### DESCRIPTION OF THE TASK
Reproduce exactly, from the data that follows, the line with "8. person (670,30,702,136)", the line with "16. person (801,393,847,527)", and every line that lies between them.
*** PROVIDED DATA ***
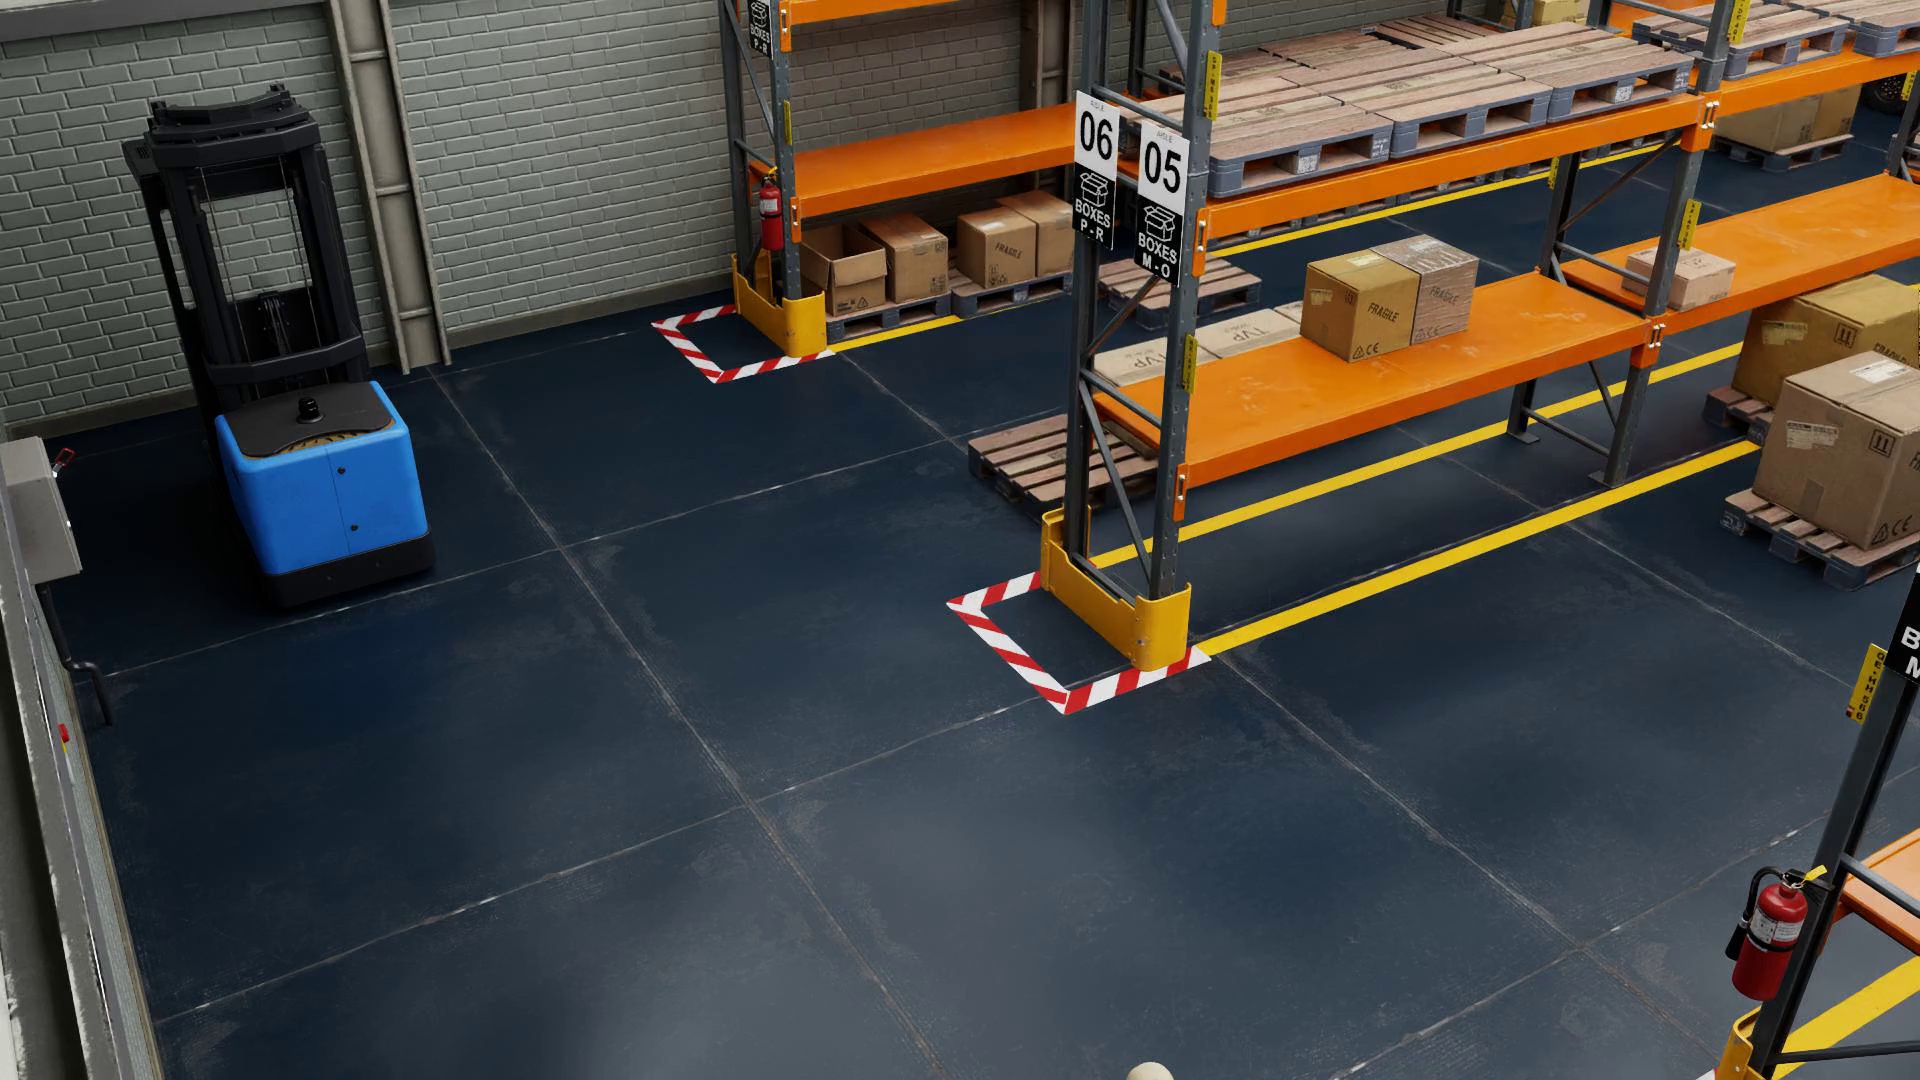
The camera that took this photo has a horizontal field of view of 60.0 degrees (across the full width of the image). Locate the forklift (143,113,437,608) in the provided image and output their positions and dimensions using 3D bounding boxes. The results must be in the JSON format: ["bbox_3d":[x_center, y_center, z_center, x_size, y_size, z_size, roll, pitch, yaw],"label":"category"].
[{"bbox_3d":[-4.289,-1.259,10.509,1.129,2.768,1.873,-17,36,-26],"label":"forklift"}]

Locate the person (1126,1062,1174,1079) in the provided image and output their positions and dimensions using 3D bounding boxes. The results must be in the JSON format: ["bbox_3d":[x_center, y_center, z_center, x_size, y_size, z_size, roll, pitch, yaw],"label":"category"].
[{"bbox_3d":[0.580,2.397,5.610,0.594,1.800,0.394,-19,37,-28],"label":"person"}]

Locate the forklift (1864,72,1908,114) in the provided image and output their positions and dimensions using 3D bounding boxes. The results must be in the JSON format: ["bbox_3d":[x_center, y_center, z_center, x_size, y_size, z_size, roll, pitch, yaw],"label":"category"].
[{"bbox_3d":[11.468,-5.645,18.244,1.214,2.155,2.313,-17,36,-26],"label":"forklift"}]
*** End of PROVIDED DATA ***
*** PROVIDED DATA ***
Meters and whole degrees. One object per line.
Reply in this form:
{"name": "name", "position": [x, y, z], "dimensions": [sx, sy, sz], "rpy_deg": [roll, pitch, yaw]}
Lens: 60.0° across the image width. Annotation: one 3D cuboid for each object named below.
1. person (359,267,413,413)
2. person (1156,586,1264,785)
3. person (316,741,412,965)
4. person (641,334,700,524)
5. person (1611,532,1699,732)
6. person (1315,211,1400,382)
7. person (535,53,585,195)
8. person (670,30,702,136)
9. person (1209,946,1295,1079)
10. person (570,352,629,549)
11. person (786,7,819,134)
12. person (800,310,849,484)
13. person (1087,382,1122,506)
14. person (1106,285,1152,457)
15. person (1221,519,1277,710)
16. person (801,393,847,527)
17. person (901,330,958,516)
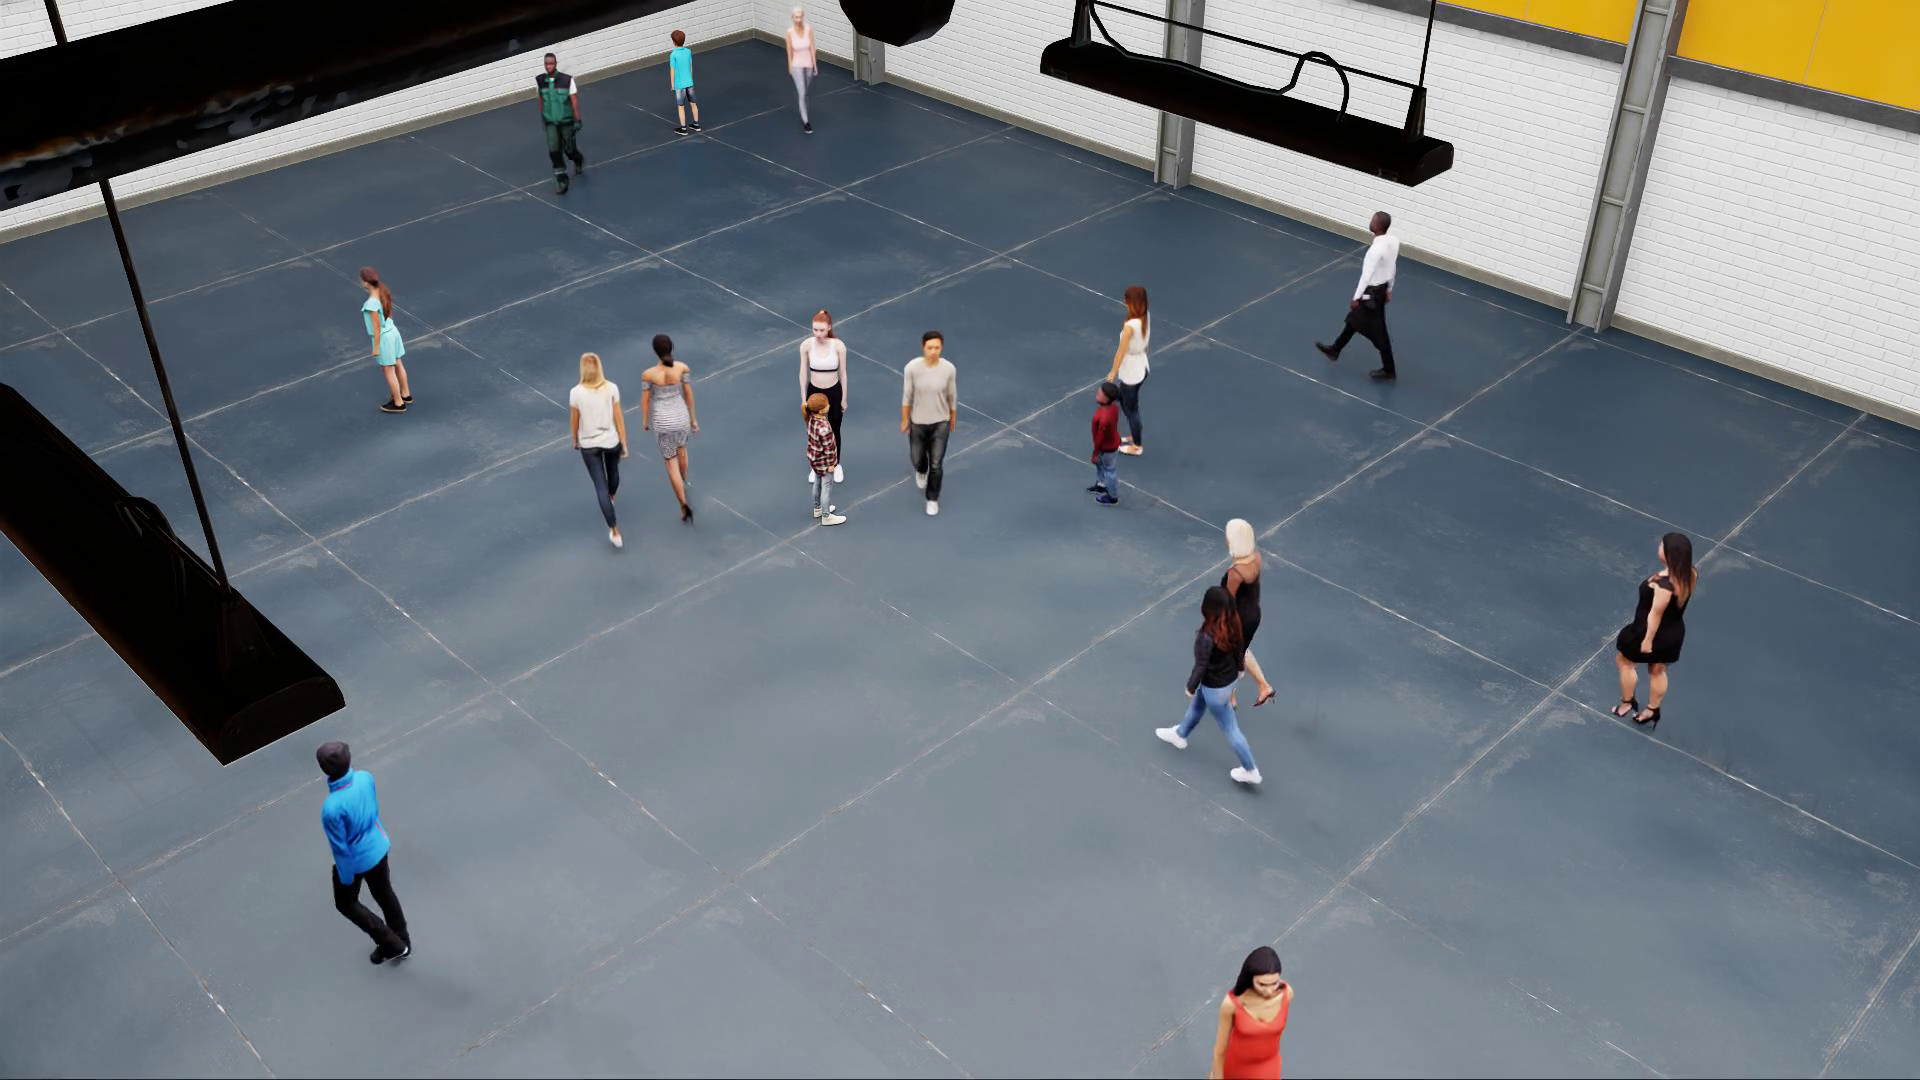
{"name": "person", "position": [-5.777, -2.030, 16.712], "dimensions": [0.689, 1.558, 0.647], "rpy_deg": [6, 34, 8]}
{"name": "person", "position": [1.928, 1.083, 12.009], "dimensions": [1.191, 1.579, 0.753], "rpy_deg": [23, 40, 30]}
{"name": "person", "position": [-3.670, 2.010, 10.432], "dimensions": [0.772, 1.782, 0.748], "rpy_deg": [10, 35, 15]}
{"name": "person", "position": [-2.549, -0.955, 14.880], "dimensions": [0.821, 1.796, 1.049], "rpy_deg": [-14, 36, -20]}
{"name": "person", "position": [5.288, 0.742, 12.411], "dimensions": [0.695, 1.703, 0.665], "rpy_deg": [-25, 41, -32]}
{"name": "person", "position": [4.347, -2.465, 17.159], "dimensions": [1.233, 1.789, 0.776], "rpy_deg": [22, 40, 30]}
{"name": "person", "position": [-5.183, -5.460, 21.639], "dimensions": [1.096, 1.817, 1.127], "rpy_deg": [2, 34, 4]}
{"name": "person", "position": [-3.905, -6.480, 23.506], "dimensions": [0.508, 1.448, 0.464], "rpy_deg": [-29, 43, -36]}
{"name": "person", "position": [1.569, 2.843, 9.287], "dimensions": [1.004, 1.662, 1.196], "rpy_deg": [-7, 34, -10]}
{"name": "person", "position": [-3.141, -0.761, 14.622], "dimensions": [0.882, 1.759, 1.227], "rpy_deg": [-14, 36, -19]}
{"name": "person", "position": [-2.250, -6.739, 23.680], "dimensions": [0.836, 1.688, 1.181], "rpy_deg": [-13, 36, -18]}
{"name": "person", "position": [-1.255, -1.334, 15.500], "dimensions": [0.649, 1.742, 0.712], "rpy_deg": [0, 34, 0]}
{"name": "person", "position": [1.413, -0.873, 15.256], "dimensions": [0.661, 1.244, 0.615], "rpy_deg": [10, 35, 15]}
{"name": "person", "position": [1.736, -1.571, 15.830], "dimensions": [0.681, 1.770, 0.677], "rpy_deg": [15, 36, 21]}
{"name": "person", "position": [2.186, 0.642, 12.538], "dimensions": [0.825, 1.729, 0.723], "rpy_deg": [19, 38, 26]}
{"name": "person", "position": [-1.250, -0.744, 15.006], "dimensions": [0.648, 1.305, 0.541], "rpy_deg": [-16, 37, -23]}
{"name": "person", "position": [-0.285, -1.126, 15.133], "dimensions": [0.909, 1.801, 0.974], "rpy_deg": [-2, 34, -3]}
*** End of PROVIDED DATA ***
### TASK RESPONSE
8. person (670,30,702,136)
9. person (1209,946,1295,1079)
10. person (570,352,629,549)
11. person (786,7,819,134)
12. person (800,310,849,484)
13. person (1087,382,1122,506)
14. person (1106,285,1152,457)
15. person (1221,519,1277,710)
16. person (801,393,847,527)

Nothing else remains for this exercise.